- **Work instruction**:
Write out every record below exactly as it appears, omitting the pictures.
======== Material to process ========
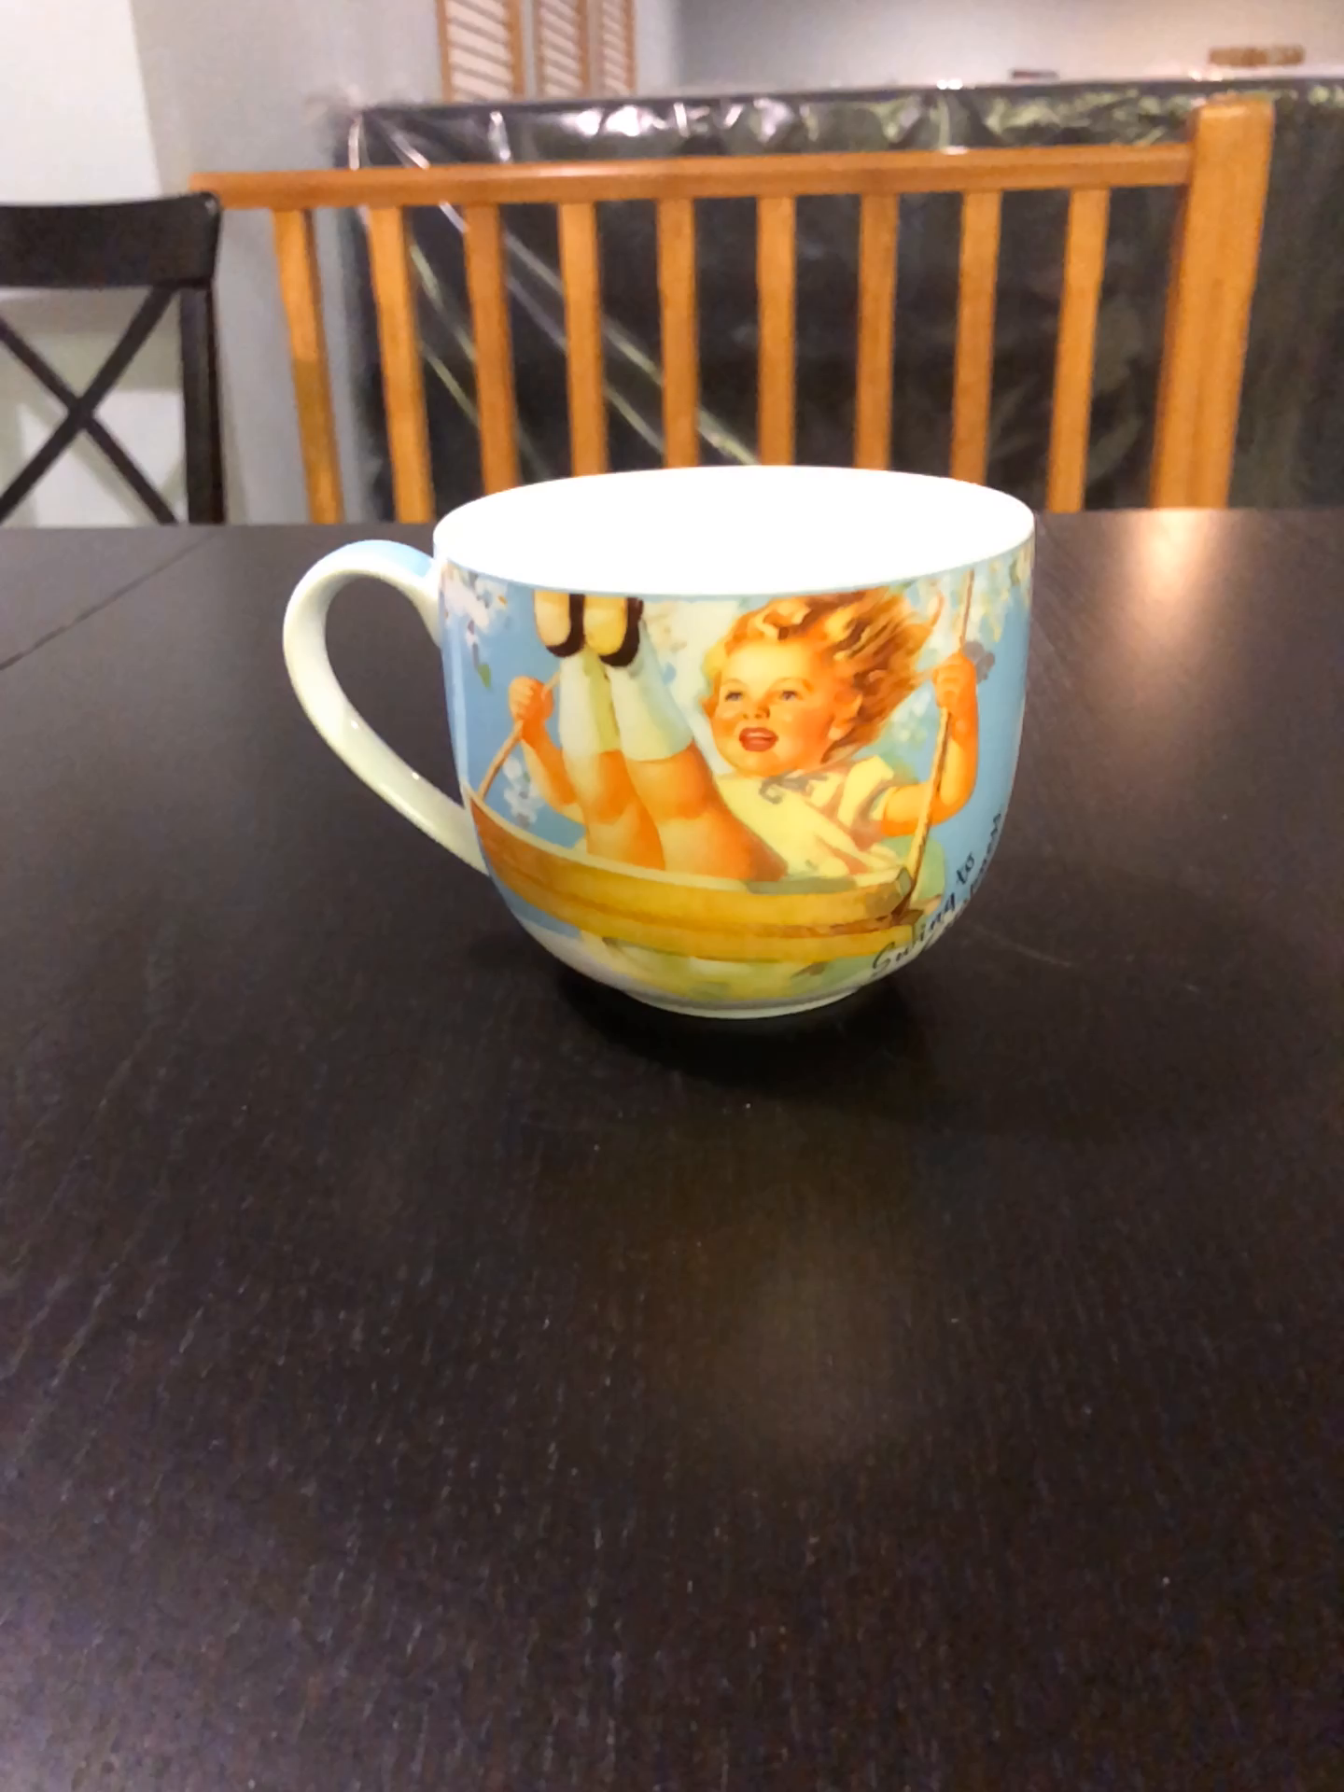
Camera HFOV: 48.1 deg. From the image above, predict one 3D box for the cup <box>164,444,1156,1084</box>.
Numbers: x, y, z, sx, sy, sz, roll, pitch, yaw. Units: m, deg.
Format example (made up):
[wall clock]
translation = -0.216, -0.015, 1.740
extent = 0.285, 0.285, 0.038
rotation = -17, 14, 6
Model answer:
[cup]
translation = 0.002, -0.034, 0.300
extent = 0.150, 0.090, 0.121
rotation = 0, 24, 4
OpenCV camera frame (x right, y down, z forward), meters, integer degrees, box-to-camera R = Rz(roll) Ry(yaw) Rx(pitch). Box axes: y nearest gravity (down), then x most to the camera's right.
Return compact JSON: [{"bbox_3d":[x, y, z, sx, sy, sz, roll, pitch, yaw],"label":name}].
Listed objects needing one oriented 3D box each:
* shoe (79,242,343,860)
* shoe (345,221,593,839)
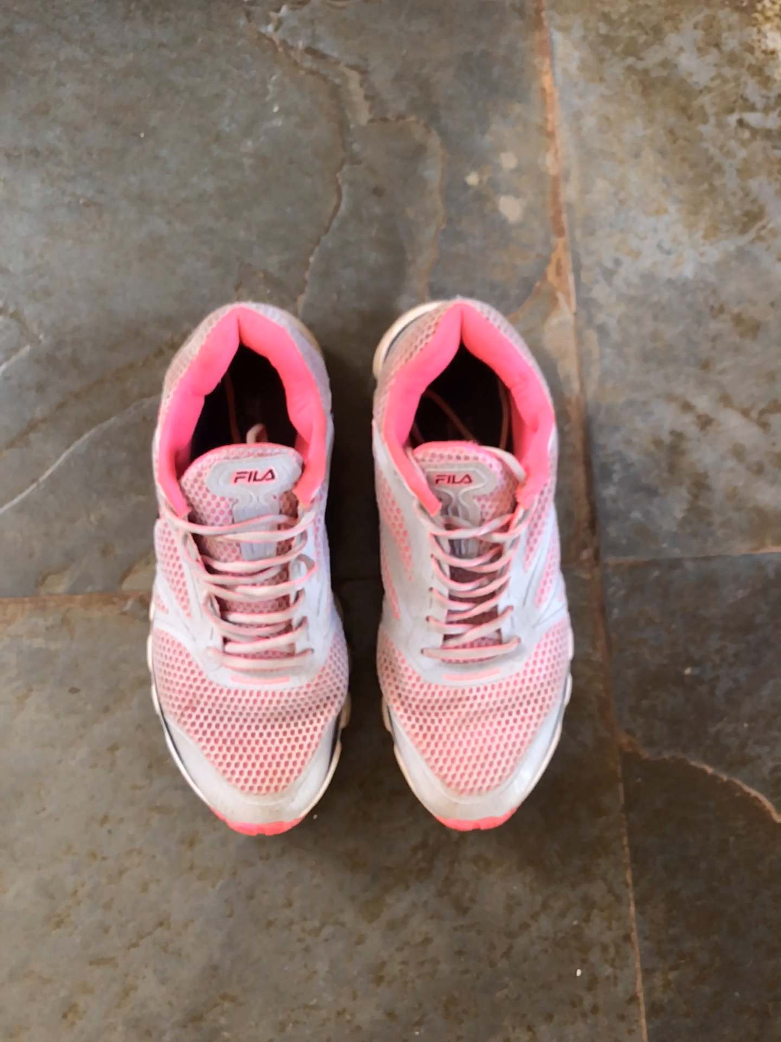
[{"bbox_3d":[-0.088,0.013,0.449,0.110,0.100,0.280,-3,82,-1],"label":"shoe"},{"bbox_3d":[0.034,0.004,0.455,0.110,0.100,0.290,0,82,-1],"label":"shoe"}]
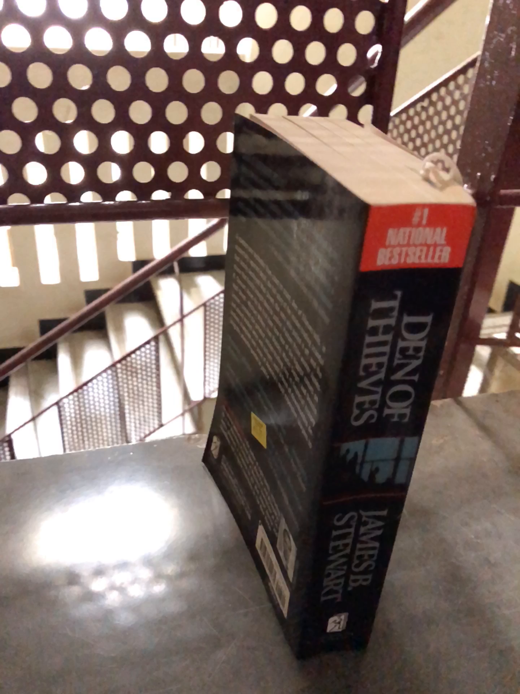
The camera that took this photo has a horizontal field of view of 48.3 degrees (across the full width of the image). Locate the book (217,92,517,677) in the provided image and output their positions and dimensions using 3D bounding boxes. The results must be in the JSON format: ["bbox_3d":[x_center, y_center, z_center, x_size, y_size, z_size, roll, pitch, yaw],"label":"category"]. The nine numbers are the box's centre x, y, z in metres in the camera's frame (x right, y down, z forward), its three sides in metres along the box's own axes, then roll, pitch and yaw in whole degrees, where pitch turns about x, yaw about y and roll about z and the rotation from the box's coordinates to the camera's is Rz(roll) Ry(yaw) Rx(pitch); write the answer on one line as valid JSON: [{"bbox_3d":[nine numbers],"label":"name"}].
[{"bbox_3d":[0.021,0.008,0.281,0.050,0.219,0.171,-4,31,-13],"label":"book"}]
========
- **Exercise result**:
Camera HFOV: 48.1 deg. From the image above, predict one 3D box for the cup <box>164,444,1156,1084</box>.
Numbers: x, y, z, sx, sy, sz, roll, pitch, yaw. Units: m, deg.
Format example (made up):
[wall clock]
translation = -0.216, -0.015, 1.740
extent = 0.285, 0.285, 0.038
rotation = -17, 14, 6
Model answer:
[cup]
translation = 0.002, -0.034, 0.300
extent = 0.150, 0.090, 0.121
rotation = 0, 24, 4
OpenCV camera frame (x right, y down, z forward), meters, integer degrees, box-to-camera R = Rz(roll) Ry(yaw) Rx(pitch). Box axes: y nearest gravity (down), then x most to the camera's right.
Return compact JSON: [{"bbox_3d":[x, y, z, sx, sy, sz, roll, pitch, yaw],"label":name}].
Listed objects needing one oriented 3D box each:
* shoe (79,242,343,860)
* shoe (345,221,593,839)
[{"bbox_3d":[-0.088,0.013,0.449,0.110,0.100,0.280,-3,82,-1],"label":"shoe"},{"bbox_3d":[0.034,0.004,0.455,0.110,0.100,0.290,0,82,-1],"label":"shoe"}]
The camera that took this photo has a horizontal field of view of 48.3 degrees (across the full width of the image). Locate the book (217,92,517,677) in the provided image and output their positions and dimensions using 3D bounding boxes. The results must be in the JSON format: ["bbox_3d":[x_center, y_center, z_center, x_size, y_size, z_size, roll, pitch, yaw],"label":"category"]. The nine numbers are the box's centre x, y, z in metres in the camera's frame (x right, y down, z forward), its three sides in metres along the box's own axes, then roll, pitch and yaw in whole degrees, where pitch turns about x, yaw about y and roll about z and the rotation from the box's coordinates to the camera's is Rz(roll) Ry(yaw) Rx(pitch); write the answer on one line as valid JSON: [{"bbox_3d":[nine numbers],"label":"name"}].
[{"bbox_3d":[0.021,0.008,0.281,0.050,0.219,0.171,-4,31,-13],"label":"book"}]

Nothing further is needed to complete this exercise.